Bermain di sirkuit batu loncatan menuju Tour utama membuat Lau tidak sering menikmati kerumunan penonton yang begitu besar. Namun, di Perancis kali ini ia akan segera menikmati pengalaman yang serba baru, termasuk para penggemar golf yang meramaikan Le Golf National.
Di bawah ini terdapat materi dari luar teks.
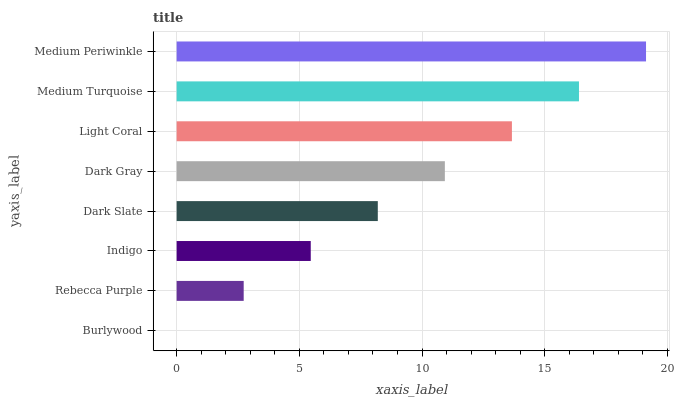Is Burlywood the minimum?
Answer yes or no. Yes. Is Medium Periwinkle the maximum?
Answer yes or no. Yes. Is Rebecca Purple the minimum?
Answer yes or no. No. Is Rebecca Purple the maximum?
Answer yes or no. No. Is Rebecca Purple greater than Burlywood?
Answer yes or no. Yes. Is Burlywood less than Rebecca Purple?
Answer yes or no. Yes. Is Burlywood greater than Rebecca Purple?
Answer yes or no. No. Is Rebecca Purple less than Burlywood?
Answer yes or no. No. Is Dark Gray the high median?
Answer yes or no. Yes. Is Dark Slate the low median?
Answer yes or no. Yes. Is Indigo the high median?
Answer yes or no. No. Is Indigo the low median?
Answer yes or no. No.

”Ini akan menjadi sesuatu yang sangat baru. Bukan berarti saya belum pernah mengalaminya (kerumunan besar penonton), tapi sangat langka, cuma di lapangan di sini penontonnya sangat banyak. Beberapa hari ini saya akan mempersiapkan diri secara mental. Saya akan mempersiapkan diri dalam benak saya untuk melakukan pukulan tee pertama. Sepertinya momen itu akan sangat membuat saya gugup, tapi juga menjadi posisi yang diimpikan semua orang. Jadi, saya tak sabar untuk bisa bermain di hadapan keluarga saya!” sambung Lau.

Dengan abang dan adik perempuannya, serta sepupu-sepupunya, plus orangtua sang kekasih yang menggantikan absennya kedua orangtuanya, Lau akan mendapatkan motivasi ekstra untuk bisa membanggakan negaranya. Dan meskipun takkan mungkin membalas semua pesan pribadi yang ia terima lewat akun Instagramnya, Lau mengaku sangat menghargai semua orang yang mendukungnya.

”Mungkin mereka tidak sadar karena cuma sekadar mengirimkan pesan teks buat saya, tapi bisa menerima semua pesan tersebut rasanya sungguh membesarkan hati. Saya kira, buat kami semua yang bertanding pada Olimpiade ini, kami bertanding untuk sesuatu yang lebih besar dari diri kami. Menurut saya hal ini sungguh keren,” tandasnya.